----- THE DATA -----

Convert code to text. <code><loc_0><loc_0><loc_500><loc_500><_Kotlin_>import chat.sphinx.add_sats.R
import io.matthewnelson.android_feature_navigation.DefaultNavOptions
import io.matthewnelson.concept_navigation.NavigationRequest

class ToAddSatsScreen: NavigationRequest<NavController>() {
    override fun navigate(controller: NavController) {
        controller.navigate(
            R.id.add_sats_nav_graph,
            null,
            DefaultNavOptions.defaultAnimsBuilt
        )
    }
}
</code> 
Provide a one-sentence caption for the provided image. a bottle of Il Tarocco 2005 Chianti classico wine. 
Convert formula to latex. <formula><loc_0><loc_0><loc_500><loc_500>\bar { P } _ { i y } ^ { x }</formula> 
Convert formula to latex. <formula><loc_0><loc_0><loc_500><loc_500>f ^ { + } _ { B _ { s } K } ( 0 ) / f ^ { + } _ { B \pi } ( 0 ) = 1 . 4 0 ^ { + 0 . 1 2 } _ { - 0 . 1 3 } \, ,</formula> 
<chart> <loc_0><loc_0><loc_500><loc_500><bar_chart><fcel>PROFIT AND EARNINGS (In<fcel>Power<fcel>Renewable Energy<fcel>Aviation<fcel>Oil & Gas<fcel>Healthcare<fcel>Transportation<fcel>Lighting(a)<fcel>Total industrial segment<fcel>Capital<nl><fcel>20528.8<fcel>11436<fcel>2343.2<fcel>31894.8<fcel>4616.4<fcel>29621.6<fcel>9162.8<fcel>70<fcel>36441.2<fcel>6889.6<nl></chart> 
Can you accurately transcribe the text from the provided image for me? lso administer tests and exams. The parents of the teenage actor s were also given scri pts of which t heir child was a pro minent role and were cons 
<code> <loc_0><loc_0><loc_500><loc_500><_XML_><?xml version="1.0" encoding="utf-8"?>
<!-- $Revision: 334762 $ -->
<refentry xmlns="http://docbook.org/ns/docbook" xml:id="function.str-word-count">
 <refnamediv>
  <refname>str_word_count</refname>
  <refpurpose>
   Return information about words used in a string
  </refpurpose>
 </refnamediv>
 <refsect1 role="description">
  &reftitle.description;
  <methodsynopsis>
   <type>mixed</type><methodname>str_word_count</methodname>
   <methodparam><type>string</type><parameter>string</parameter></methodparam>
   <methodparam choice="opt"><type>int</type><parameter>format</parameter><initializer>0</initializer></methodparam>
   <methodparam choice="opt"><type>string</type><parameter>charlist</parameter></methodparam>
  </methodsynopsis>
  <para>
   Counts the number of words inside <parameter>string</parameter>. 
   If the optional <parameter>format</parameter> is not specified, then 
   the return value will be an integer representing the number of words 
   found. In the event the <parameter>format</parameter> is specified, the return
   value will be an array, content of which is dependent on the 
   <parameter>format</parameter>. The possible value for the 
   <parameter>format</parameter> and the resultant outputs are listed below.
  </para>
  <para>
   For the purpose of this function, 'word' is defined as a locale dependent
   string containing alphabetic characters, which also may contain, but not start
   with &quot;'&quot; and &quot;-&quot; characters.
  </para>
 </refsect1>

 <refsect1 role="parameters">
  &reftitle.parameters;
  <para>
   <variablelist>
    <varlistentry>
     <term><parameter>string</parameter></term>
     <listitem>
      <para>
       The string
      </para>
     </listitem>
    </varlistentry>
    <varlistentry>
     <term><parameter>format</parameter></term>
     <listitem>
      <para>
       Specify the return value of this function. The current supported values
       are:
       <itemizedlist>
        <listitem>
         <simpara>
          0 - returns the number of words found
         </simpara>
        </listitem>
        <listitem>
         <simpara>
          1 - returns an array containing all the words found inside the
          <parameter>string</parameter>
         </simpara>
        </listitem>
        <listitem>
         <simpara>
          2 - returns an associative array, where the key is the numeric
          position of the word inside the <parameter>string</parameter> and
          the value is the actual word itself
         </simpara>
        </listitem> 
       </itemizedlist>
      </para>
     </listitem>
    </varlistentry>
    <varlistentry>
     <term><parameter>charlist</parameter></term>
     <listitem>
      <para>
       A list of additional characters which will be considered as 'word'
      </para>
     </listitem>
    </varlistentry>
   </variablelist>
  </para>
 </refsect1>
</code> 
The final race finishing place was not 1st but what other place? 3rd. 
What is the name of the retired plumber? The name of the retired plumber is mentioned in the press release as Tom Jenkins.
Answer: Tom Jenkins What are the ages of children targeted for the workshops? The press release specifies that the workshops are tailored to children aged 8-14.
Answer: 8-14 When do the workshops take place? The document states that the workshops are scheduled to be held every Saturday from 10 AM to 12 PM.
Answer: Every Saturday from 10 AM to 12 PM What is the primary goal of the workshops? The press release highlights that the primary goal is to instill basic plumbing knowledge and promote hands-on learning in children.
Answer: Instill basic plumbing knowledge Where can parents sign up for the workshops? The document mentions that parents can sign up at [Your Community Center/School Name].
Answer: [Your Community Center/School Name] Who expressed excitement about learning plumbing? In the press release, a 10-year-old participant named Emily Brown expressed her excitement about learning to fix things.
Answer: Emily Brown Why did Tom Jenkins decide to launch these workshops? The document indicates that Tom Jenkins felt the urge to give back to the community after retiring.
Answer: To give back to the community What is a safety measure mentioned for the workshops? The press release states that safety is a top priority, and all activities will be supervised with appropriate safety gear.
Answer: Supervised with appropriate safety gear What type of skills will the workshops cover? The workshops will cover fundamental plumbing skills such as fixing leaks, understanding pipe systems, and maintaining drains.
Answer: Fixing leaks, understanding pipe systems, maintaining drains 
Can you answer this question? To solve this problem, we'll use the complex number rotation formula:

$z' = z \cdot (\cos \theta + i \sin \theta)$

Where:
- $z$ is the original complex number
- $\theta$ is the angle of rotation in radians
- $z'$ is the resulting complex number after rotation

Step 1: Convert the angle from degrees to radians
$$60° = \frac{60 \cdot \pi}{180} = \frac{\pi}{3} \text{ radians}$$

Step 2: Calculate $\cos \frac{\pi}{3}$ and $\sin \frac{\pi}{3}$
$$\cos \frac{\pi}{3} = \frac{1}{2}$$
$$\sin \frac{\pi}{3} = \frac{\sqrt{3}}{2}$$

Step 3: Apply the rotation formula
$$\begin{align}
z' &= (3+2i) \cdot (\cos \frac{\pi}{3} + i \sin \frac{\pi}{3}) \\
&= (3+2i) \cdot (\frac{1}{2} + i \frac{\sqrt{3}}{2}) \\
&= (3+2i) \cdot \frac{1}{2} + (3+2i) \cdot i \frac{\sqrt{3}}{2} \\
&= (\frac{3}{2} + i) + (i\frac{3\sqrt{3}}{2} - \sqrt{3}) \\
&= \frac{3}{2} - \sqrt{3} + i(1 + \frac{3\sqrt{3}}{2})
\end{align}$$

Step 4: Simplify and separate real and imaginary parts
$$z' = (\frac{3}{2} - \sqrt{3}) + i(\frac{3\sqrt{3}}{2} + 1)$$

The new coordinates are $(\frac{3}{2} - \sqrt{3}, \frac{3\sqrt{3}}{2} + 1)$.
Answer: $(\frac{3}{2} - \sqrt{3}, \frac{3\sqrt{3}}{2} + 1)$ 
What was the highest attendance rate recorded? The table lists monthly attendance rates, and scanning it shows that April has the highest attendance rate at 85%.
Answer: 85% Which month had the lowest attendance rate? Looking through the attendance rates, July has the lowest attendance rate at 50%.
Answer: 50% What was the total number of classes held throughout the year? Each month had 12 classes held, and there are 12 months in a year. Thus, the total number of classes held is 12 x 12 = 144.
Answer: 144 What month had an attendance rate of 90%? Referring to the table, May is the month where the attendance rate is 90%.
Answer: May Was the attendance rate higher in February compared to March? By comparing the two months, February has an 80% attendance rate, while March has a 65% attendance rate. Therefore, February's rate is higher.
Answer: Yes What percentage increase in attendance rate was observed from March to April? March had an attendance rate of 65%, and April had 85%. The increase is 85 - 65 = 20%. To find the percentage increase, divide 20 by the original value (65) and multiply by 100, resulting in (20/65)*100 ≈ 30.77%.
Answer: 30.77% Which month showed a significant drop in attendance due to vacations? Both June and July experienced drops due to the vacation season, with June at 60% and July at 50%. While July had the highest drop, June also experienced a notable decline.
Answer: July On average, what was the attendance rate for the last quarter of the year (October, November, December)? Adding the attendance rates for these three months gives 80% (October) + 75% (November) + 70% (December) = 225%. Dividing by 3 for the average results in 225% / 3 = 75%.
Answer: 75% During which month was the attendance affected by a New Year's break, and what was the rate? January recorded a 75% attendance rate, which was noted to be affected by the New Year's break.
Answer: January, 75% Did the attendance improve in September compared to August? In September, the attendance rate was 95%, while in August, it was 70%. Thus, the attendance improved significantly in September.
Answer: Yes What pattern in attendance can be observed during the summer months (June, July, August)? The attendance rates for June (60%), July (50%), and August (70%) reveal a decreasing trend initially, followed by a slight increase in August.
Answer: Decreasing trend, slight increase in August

-----

PROBLEM TO SOLVE:
After reading the records above, give the number of lines that include "NavController", and add nothing else.

FINISHED TASK:
2